Le projet de réforme pénale fait polémique dans le monde de la justice

Réduire le nombre de prisonniers, accélérer les procédures judiciaires, réviser l’échelle des peines… Ce sont les principaux objectifs du projet de réforme pénale qui arrive ce lundi 19 novembre en dernière lecture devant l’Assemblée nationale. Un texte qui entend rompre avec le passé en proposant une réforme globale, un projet de loi qui provoque déjà une levée de boucliers dans le monde de la justice.

Tribunaux engorgés, prisons surpeuplées: l’Assemblée entame lundi l’examen de la réforme de la justice, qui entend adapter l’institution au XXIe siècle mais suscite les critiques des magistrats, des avocats et des oppositions.

« Pour rendre le meilleur service possible aux justiciables, la justice doit se renforcer et s’adapter (…) Nous devons ici rattraper un retard cruel », défend la garde des Sceaux Nicole Belloubet, qui donnera dans l’hémicycle à 16h00 ce lundi le coup d’envoi des débats, prévus pour durer toute la semaine.

Le premier article, qui devrait être abordé dans la soirée, prévoit l’évolution du budget de la justice pour les cinq prochaines années dans le cadre d’une loi de programmation: il passera de 7 à 8,3 milliards d’ici à 2022. Ces moyens supplémentaires permettront la création de plus de 6 500 emplois (1 100 en 2018), la livraison de 7 000 nouvelles places de prison, le lancement de 8 000 autres et la création de 20 centres éducatifs fermés pour mineurs.

La réforme elle-même s’articule autour de différents axes : notamment simplifier les procédures civiles comme celle du divorce, et rendre la procédure pénale plus efficace en donnant notamment de nouveaux outils aux enquêteurs et en protégeant mieux les victimes.

Il est invraisemblable que le garde des Sceaux et le gouvernement ne disent pas les choses telles qu’elles le sont.
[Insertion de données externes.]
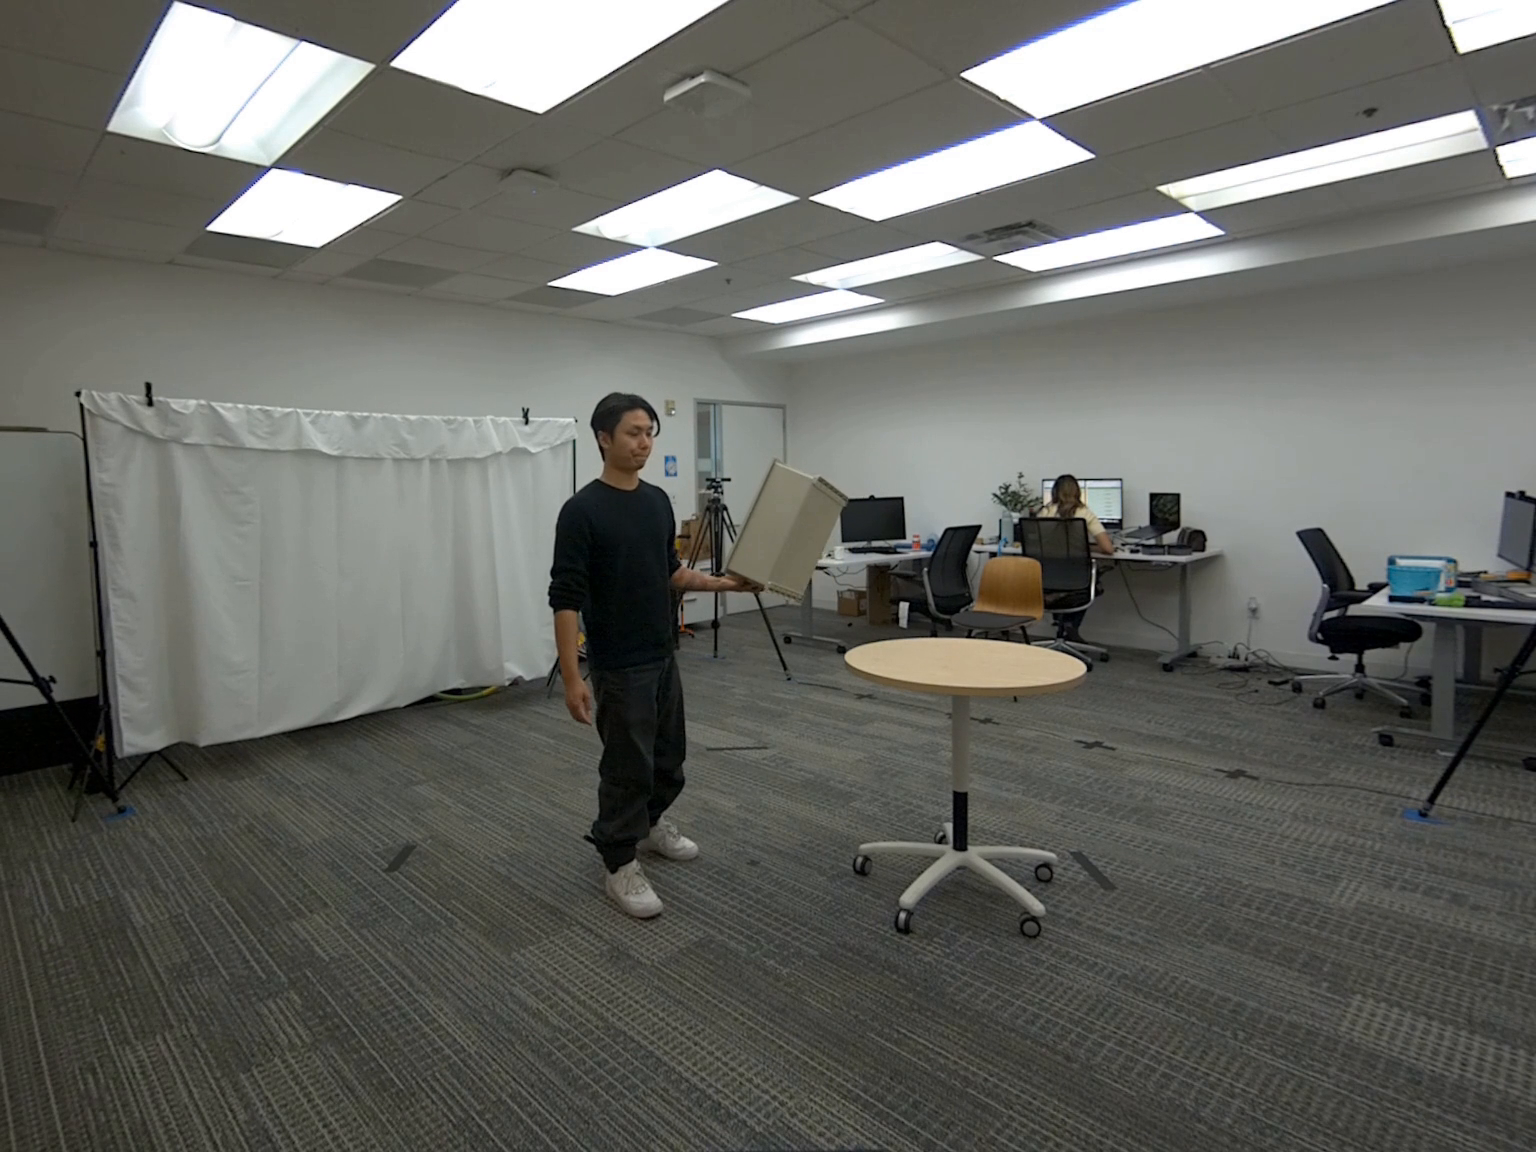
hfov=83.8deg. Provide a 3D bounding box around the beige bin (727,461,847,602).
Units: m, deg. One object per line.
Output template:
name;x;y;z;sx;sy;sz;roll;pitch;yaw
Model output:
beige bin;0.079;-0.145;2.950;0.195;0.422;0.366;24;1;26

On gère la pénurie et pour gérer la pénurie, on dématérialise, on éloigne le justiciable de son juge. On fait en sorte que les avocats aient de moins en moins accès aux procédures en multipliant le recours aux pouvoirs élargis du parquet. Tout cela n’est pas acceptable et va à l’encontre de la jurisprudence de la Cour européenne des droits de l’Homme. Emmanuel Daoud, avocat pénaliste

Il s’agit aussi de revoir l’organisation judiciaire avec la fusion des tribunaux d’instance et de grande instance et la numérisation des procédures, diversifier la prise en charge des mineurs délinquants et enfin, alléger la charge des juridictions administratives avec le recrutement de magistrats honoraires ou de juristes assistants. Parmi les autres mesures phares figurent la création d’un parquet national antiterroriste et d’un nouveau tribunal criminel.
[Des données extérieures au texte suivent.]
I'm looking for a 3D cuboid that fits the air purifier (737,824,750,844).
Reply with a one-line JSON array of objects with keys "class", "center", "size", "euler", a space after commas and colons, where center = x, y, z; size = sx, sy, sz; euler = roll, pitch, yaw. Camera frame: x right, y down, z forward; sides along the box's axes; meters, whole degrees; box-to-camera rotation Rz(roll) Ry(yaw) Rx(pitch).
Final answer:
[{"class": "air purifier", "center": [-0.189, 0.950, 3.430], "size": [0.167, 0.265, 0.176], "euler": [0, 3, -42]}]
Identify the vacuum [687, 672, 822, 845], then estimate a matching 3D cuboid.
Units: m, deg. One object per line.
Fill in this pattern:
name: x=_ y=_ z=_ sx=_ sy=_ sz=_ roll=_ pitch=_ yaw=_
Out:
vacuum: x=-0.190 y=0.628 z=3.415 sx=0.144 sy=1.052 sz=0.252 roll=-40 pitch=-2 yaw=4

Le texte reste mal accepté par les magistrats et avocats, qui critiquent un projet « purement gestionnaire » et prônent une justice plus « humaine et accessible ». Certains redoutent des fermetures de sites, d’autres mettent en balance la dématérialisation des procédures et les risques de fracture numérique, d’autres encore dénoncent un recul de la présence et du contrôle des juges.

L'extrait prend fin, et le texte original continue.